Across the country, sales volumes remain significantly down (almost 20 percent year on year). Building consent numbers are slightly down on last year, they are above levels seen during 2015/2016 - the height of the property boom.

OneRoof editor Owen Vaughan said: "The data strongly suggests that 2019 will be a repeat of 2018. Auckland market activity is soft, and small drops in sales prices, as evidenced by Barfoot and Thompson figures released earlier this week, indicate that the city​'s ​property market is slowly swinging in favour of buyers.

"However, it's highly unlikely the country's biggest market will suffer a house price collapse, such as experienced Sydney and Melbourne. An undersupply of residential housing and strong demand support current values and future growth.

"Smaller urban centres continue to enjoy strong growth, but it is important to note that the lifts are from a comparatively low base, and that the actual dollar amount that represents is relatively small, although still a big deal for homeowners and buyers in those markets."

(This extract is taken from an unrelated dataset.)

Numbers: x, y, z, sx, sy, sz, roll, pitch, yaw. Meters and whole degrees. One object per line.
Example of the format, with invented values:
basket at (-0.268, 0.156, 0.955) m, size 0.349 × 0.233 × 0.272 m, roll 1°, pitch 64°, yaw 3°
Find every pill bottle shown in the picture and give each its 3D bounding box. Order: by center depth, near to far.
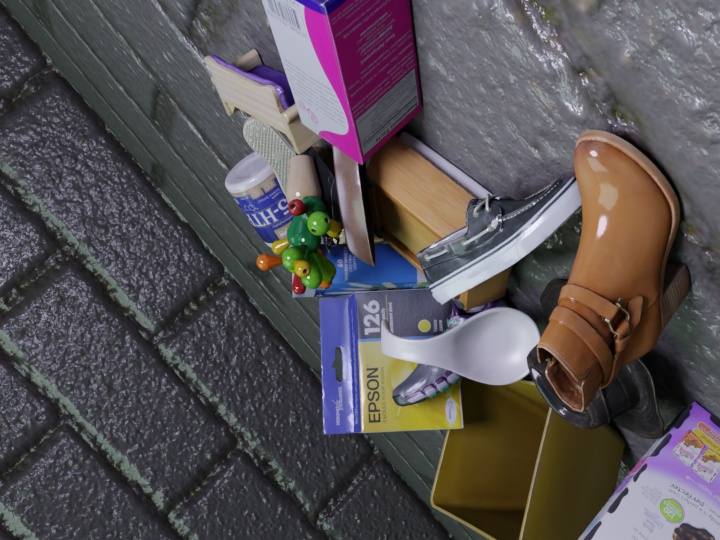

James Wilson, Valocity director of valuation and innovation, said: "The 'wait-and-see' mentality that crept into the market early last year is starting to take hold, with many market participants holding off making decisions until there is clarity around the global economy and touted changes to taxation around investment properties."

Wilson added: "Despite historically low interest rates supporting demand levels, market confidence has plateaued."

The figures show that first-home buyers are still the biggest purchasing group, representing 28.8 percent of new mortgage registrations, (up 5.3 percent month-on-month), with investors and movers continuing to slide.

Vaughan noted: "There is also a strong upward tick in the number of refinancers, which suggests many property owners are seeking to capitalise on the competitive mortgage deals offered by the banks or are looking to make improvements to their existing home rather than upsizing.

Wilson added: "The fact that mortgage registrations to investors and movers continue to decline isn’t unexpected given current market confidence levels and the ‘wait and see’ mentality evident in the market."